Consider Friction in the Workflow: What is an acceptable duration for an outage? How long can you wait before being alerted to a security incident? How many upset customers can you tolerate? There isn't a good answer for any of these questions beyond minimizing the impact of these issues as much as is possible. So why are teams still tackling these problems using decades-old tools and workflows that take hours and sometimes days? Because their existing toolset doesn't offer a better way.
ExtraHop is revolutionizing these workflows by allowing IT operations teams to go from a global view, to an individual transaction, down to the root cause in clicks and minutes instead of hours of grueling manual work. Afterall even the best data source isn't much use if it takes too long to extract insights from it in time to address the issue at hand.
Consider Empowering Every User: Which teams should benefit from data? Is there benefit in all teams working from the same dataset? It seems obvious that all operations can benefit from better access to data, but traditional monitoring models require a proliferation of tools that balkanize IT staffs. Teams who are lucky enough to get a place in the budget for their monitoring tool are faced with a new problem—working across silos and arguing about whose data is right. Teams who lost out altogether just have to trust what everyone else is seeing.
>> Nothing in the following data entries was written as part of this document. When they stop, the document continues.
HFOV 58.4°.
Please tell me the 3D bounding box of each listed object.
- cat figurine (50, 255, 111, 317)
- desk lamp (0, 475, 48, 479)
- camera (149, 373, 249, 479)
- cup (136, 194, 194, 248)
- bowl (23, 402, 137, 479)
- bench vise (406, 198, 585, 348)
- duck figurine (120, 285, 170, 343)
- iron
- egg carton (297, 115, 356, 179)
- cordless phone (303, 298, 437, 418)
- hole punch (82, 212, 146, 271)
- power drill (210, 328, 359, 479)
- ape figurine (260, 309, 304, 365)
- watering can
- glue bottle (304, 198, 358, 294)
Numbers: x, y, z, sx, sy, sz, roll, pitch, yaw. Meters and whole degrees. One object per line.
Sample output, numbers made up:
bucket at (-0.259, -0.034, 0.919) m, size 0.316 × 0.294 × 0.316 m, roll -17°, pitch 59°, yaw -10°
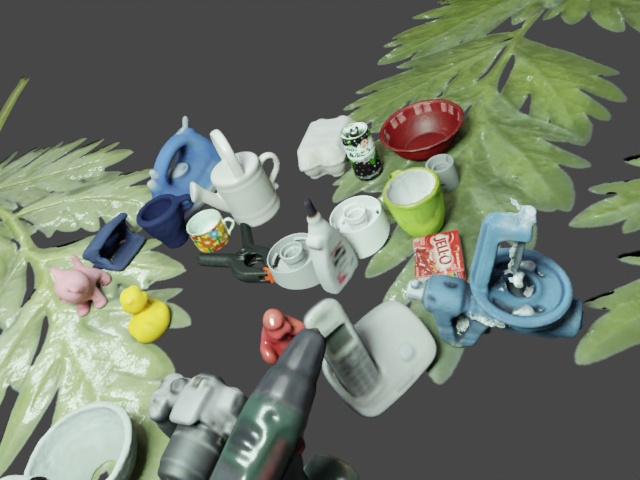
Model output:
cat figurine at (-0.462, 0.080, 1.090) m, size 0.067 × 0.118 × 0.127 m, roll -23°, pitch 40°, yaw 3°
desk lamp at (-0.385, 0.364, 0.673) m, size 0.203 × 0.214 × 0.118 m, roll -12°, pitch 42°, yaw 16°
camera at (-0.176, 0.254, 0.769) m, size 0.142 × 0.101 × 0.137 m, roll 1°, pitch 47°, yaw 28°
cup at (-0.292, -0.037, 1.144) m, size 0.118 × 0.095 × 0.091 m, roll -28°, pitch 40°, yaw -3°
bowl at (-0.319, 0.316, 0.798) m, size 0.167 × 0.075 × 0.167 m, roll -14°, pitch 42°, yaw 13°
bench vise at (0.203, 0.053, 0.694) m, size 0.207 × 0.220 × 0.121 m, roll -16°, pitch 41°, yaw 12°
duck figurine at (-0.311, 0.121, 0.993) m, size 0.077 × 0.086 × 0.104 m, roll -30°, pitch 40°, yaw -5°
iron at (-0.305, -0.141, 1.226) m, size 0.118 × 0.142 × 0.258 m, roll -1°, pitch 46°, yaw 26°
egg carton at (0.017, -0.192, 1.169) m, size 0.107 × 0.070 × 0.150 m, roll -3°, pitch 45°, yaw 25°
cordless phone at (0.061, 0.121, 0.722) m, size 0.148 × 0.185 × 0.093 m, roll -42°, pitch 43°, yaw -18°
hole punch at (-0.437, 0.003, 1.180) m, size 0.100 × 0.091 × 0.109 m, roll 2°, pitch 48°, yaw 29°
power drill at (-0.032, 0.239, 0.627) m, size 0.075 × 0.209 × 0.230 m, roll 10°, pitch 52°, yaw 35°
ape figurine at (-0.058, 0.137, 0.839) m, size 0.078 × 0.092 × 0.076 m, roll -24°, pitch 40°, yaw 3°
watering can at (-0.162, -0.119, 1.088) m, size 0.100 × 0.194 × 0.173 m, roll 23°, pitch 60°, yaw 42°
glue bottle at (0.008, 0.003, 0.885) m, size 0.037 × 0.173 × 0.078 m, roll 8°, pitch 51°, yaw 34°
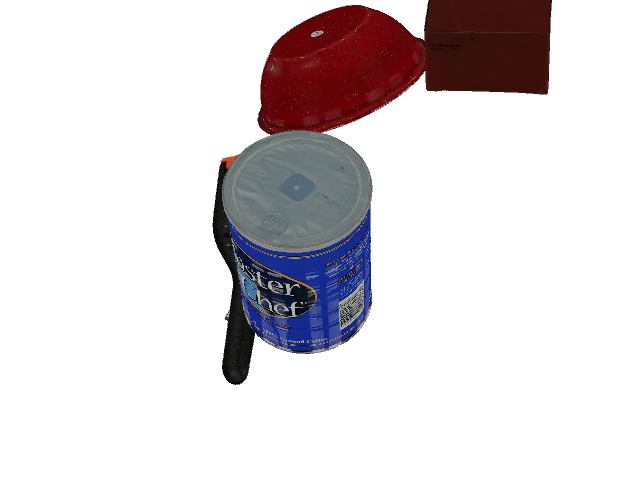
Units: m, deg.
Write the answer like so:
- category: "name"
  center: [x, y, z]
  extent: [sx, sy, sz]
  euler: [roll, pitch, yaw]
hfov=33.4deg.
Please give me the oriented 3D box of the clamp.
- category: "clamp"
  center: [-0.054, 0.021, 1.032]
  extent: [0.036, 0.210, 0.164]
  euler: [-10, 0, 33]

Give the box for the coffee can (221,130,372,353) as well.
- category: "coffee can"
  center: [-0.013, 0.004, 0.779]
  extent: [0.103, 0.103, 0.140]
  euler: [0, -36, 3]

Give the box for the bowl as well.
- category: "bowl"
  center: [0.009, -0.154, 0.908]
  extent: [0.162, 0.055, 0.162]
  euler: [-21, 29, 12]

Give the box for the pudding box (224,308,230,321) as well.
- category: "pudding box"
  center: [-0.060, 0.048, 1.264]
  extent: [0.039, 0.090, 0.113]
  euler: [32, 28, 5]

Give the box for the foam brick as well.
- category: "foam brick"
  center: [0.106, -0.128, 0.670]
  extent: [0.078, 0.051, 0.053]
  euler: [4, -38, 11]
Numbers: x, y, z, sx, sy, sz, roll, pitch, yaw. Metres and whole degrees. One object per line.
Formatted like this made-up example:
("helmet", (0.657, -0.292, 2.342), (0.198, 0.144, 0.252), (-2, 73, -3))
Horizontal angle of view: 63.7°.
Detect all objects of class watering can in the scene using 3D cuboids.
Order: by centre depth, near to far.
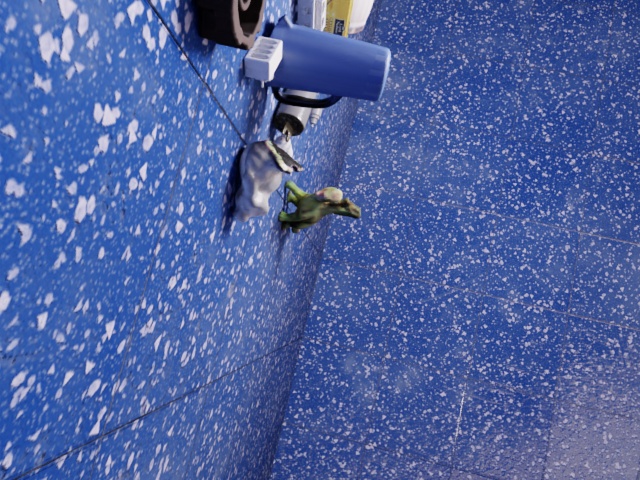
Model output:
("watering can", (0.135, -0.778, 1.644), (0.353, 0.105, 0.219), (-34, 151, -44))

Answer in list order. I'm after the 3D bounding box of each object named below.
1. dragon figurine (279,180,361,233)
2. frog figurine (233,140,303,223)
("dragon figurine", (0.005, -0.081, 1.602), (0.405, 0.243, 0.124), (74, 24, -74))
("frog figurine", (-0.128, -0.117, 1.030), (0.158, 0.122, 0.139), (-42, -166, 15))

ExtraHop believes that in the complex and intertwined world of IT, only those who have access to timely data will be successful. Moreover, that it isn't enough to check the box around your own data silo as most problems will span departmental/technology boundaries. For that reason, ExtraHop turns the network into the ultimate source of cross-tier correlated data benefiting every role.
The notion of information superiority isn't new, but in the modern age it begins with having high rates of trustworthy, easily accessible, and shareable data. This Data Value equation is the way to measure your information superiority (or lack thereof), assessing your data's value and uncovering challenges you have today. It's also the framework we've used to deliver a platform that is aligned with those needs.